Because suppliers typically establish a confined radius (the distance from a generating facility beyond which shipping product becomes prohibitively expensive), two types of designer plants have developed. One version serves situations where demand is well-known and production levels remain relatively constant—most of the time. For example, industrial gas companies build hydrogen-generating plants that supply petroleum refineries with gas for the cracking process (breaking larger molecules into smaller, more useful molecules). The plant supplies a constant stream of gas for that customer, but, through periodic increases to production, can provide containerized gas or liquid hydrogen for shipment elsewhere. However, the plant must be sufficiently agile to provide additional gas without compromising the refinery’s needs.
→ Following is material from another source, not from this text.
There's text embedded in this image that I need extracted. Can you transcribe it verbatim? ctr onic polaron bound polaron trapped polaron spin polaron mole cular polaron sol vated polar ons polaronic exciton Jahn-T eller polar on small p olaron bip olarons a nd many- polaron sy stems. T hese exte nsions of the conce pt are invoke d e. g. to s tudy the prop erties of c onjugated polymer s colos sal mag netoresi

The other type of plant is suitable when demand varies less predictably. Consider oxygen-generating plants that feed steel mills. A single mill may have 10 steel-making processes, each requiring a different amount of oxygen to achieve necessary production levels. Although the pipeline architecture is the same as with constant flow, here the mill’s control system must pull the required amount of oxygen in real time. The generating plant maintains a minimum production level (which occasionally means venting gas when refinery plant requirements fall below that level), and then ramps up as conditions change.

Even with tight real-time control, gas supply disruption could still cause problems in each of the production examples described above. The system would detect a disruption and call for substitution from gas cylinders held in reserve against just such an eventuality. Although this solution would dramatically reduce the dip in the refinery’s or the steel mill’s output, it would require human intervention with all its accompanying uncertainties. In addition, bottled gas costs much more than locally generated gas —the impetus for constructing the plant in the first place. In competitive industries like petroleum refining or steel making, a manufacturer cannot easily pass site-specific cost increases on to customers, so at the very least, the episode would erode profit margins.
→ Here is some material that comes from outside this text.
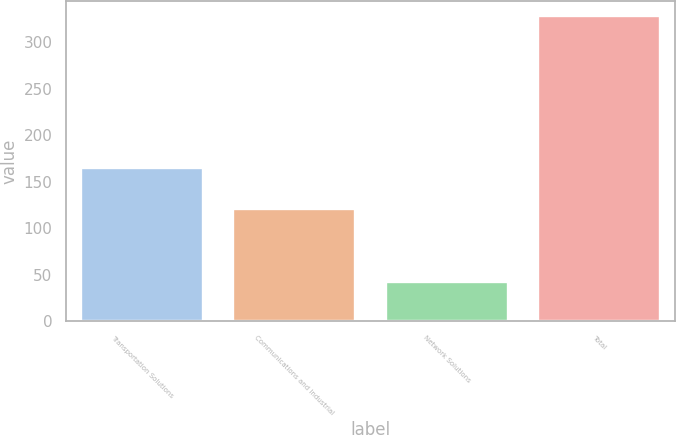Convert chart. <chart><loc_0><loc_0><loc_500><loc_500><bar_chart><fcel>Transportation Solutions<fcel>Communications and Industrial<fcel>Network Solutions<fcel>Total<nl><fcel>165<fcel>121<fcel>42<fcel>328<nl></chart>

Schematic of a simpple nitrogen generator is typical of those used at a “designer” plant. Air goes in and nitrogen and waste gas results. Source: COntrol Engineering with data from Air Products.

Controlling flow

Controlling an agile plant presents its own kind of challenge. Varying production levels involve adjusting numerous process parameters. In the traditional gas plant, control requires a cadre of operators manually adjusting parameters, such as pressure, purity, and gas throughput.

As an alternative, some industrial gas producers use advanced multivariable process controls. Instead of adjusting process parameters individually, an engineer determines necessary production rates and required purity levels and sends that information to the control system. A multivariable control system looks beyond the instantaneous state of the process. Using its own knowledge of how the process works to manipulate all the appropriate parameters simultaneously, the process control system ensures sufficient flow and gas purity to meet customer specifications. By monitoring the process in real time, the control system can anticipate problems and correct them before product quality or production volume is adversely affected.

For example, suppose a multivariable control system is told that the steel plant will require an increase in oxygen production by a certain percentage at a particular time. Long before the appointed time, the process control system begins to manipulate the control parameters to accomplish the ramp up without compromising either production volumes or product quality during the transition. Its analysis might reveal, for example, that changing a particular parameter will cause purity to fall short of spec. It would take appropriate corrective action in advance by adjusting other parameters so that product quality never crosses that line. Such control operation, however, does have constraints. To avoid process or safety violations, parameters cannot exceed certain predetermined limits.